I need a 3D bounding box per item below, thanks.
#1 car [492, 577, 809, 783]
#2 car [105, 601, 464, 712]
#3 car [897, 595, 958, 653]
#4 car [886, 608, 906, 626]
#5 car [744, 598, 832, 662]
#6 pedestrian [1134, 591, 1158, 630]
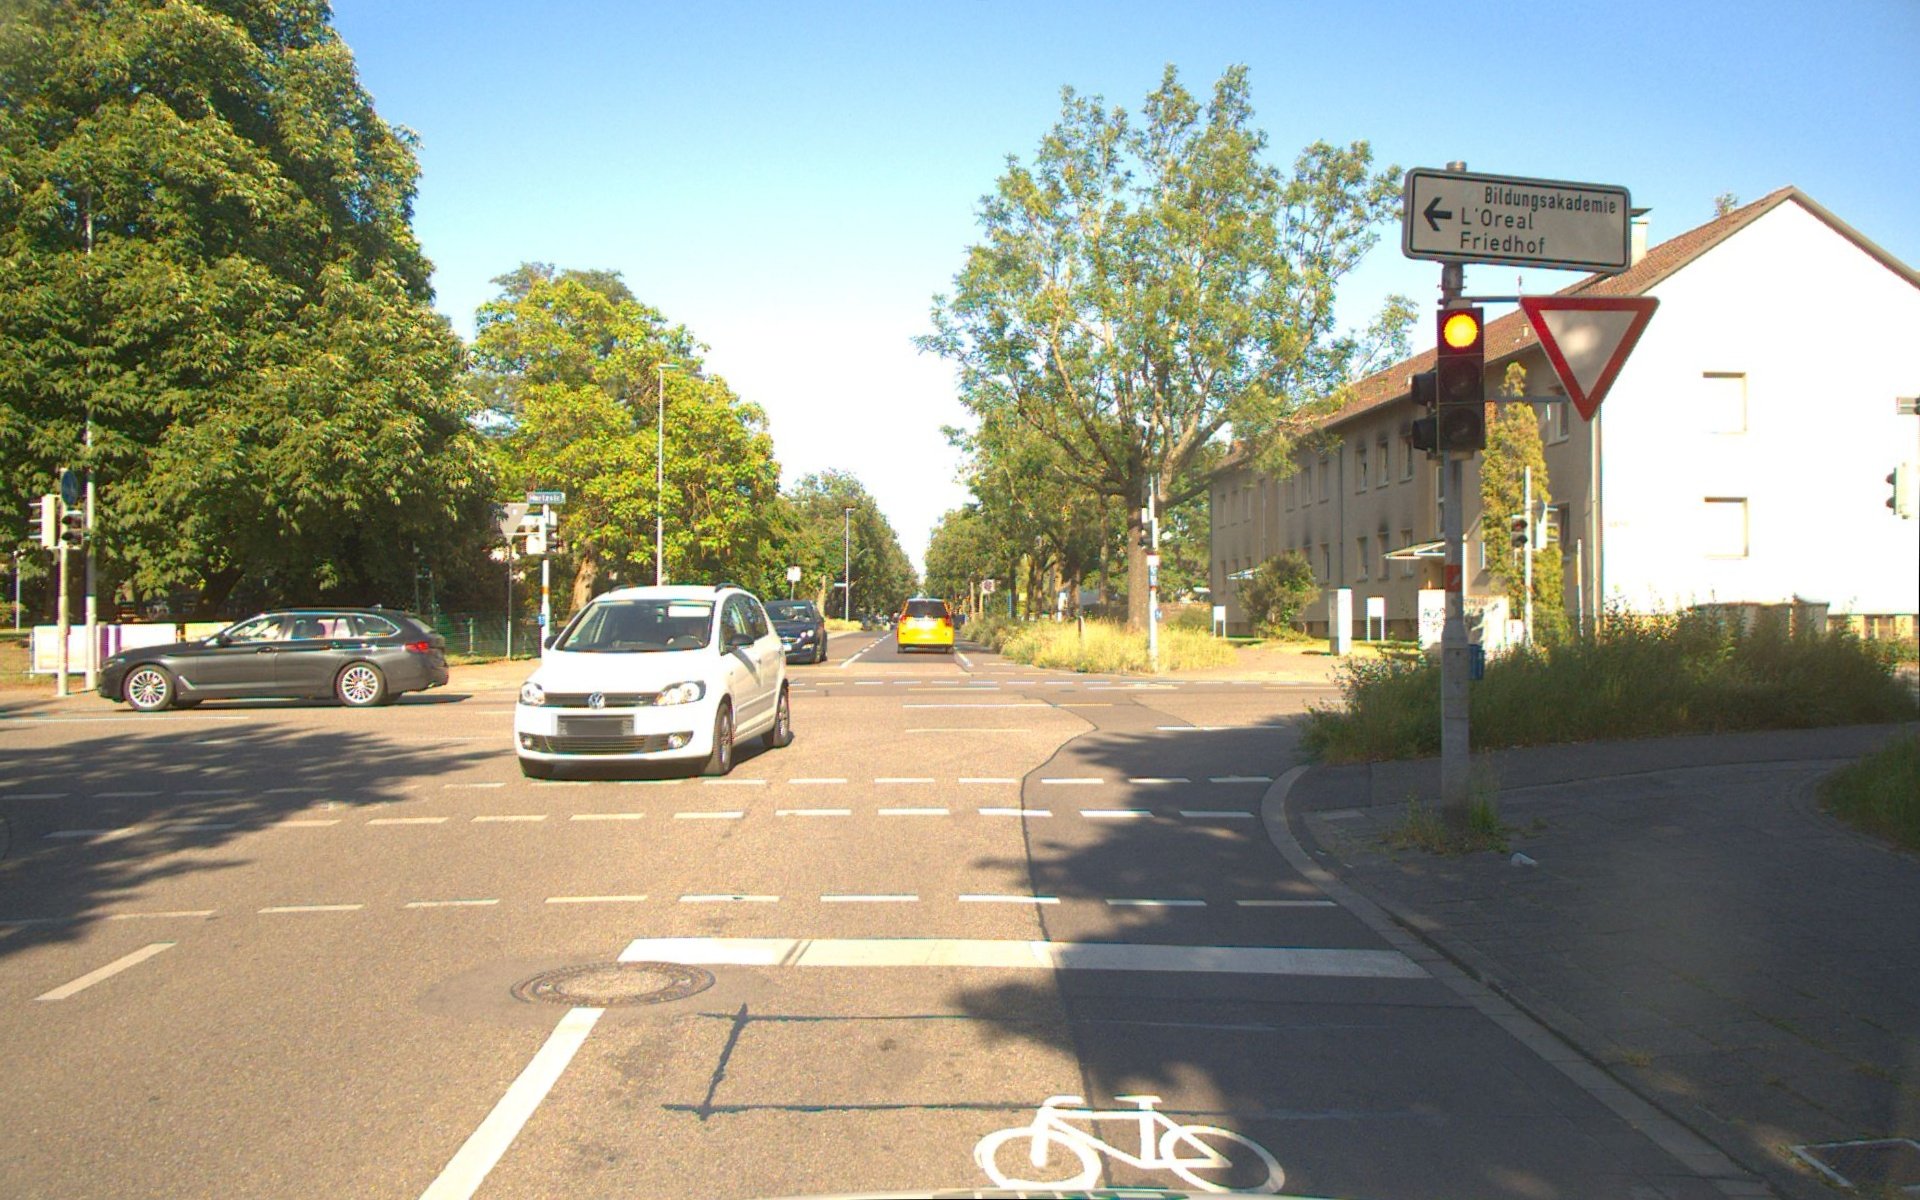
[{"bbox_3d":[-2.614,0.602,14.988,1.714,1.590,4.123,-1,1,6],"label":"car"},{"bbox_3d":[-10.045,0.805,24.971,4.642,1.455,1.995,-1,0,-11],"label":"car"},{"bbox_3d":[-0.947,0.691,49.051,1.716,1.610,3.999,1,0,-1],"label":"car"},{"bbox_3d":[-5.859,1.552,151.364,1.722,1.653,3.268,0,0,0],"label":"car"},{"bbox_3d":[-3.956,0.663,38.552,1.676,1.410,3.471,0,0,0],"label":"car"},{"bbox_3d":[7.537,0.424,67.082,0.825,1.519,0.924,2,0,-1],"label":"pedestrian"}]

===

§ **THE TASK**
Although the records above contain pictures, output every line exactly and leave the pictures out.

§ **WRITTEN REPLY**
I need a 3D bounding box per item below, thanks.
#1 car [492, 577, 809, 783]
#2 car [105, 601, 464, 712]
#3 car [897, 595, 958, 653]
#4 car [886, 608, 906, 626]
#5 car [744, 598, 832, 662]
#6 pedestrian [1134, 591, 1158, 630]
[{"bbox_3d":[-2.614,0.602,14.988,1.714,1.590,4.123,-1,1,6],"label":"car"},{"bbox_3d":[-10.045,0.805,24.971,4.642,1.455,1.995,-1,0,-11],"label":"car"},{"bbox_3d":[-0.947,0.691,49.051,1.716,1.610,3.999,1,0,-1],"label":"car"},{"bbox_3d":[-5.859,1.552,151.364,1.722,1.653,3.268,0,0,0],"label":"car"},{"bbox_3d":[-3.956,0.663,38.552,1.676,1.410,3.471,0,0,0],"label":"car"},{"bbox_3d":[7.537,0.424,67.082,0.825,1.519,0.924,2,0,-1],"label":"pedestrian"}]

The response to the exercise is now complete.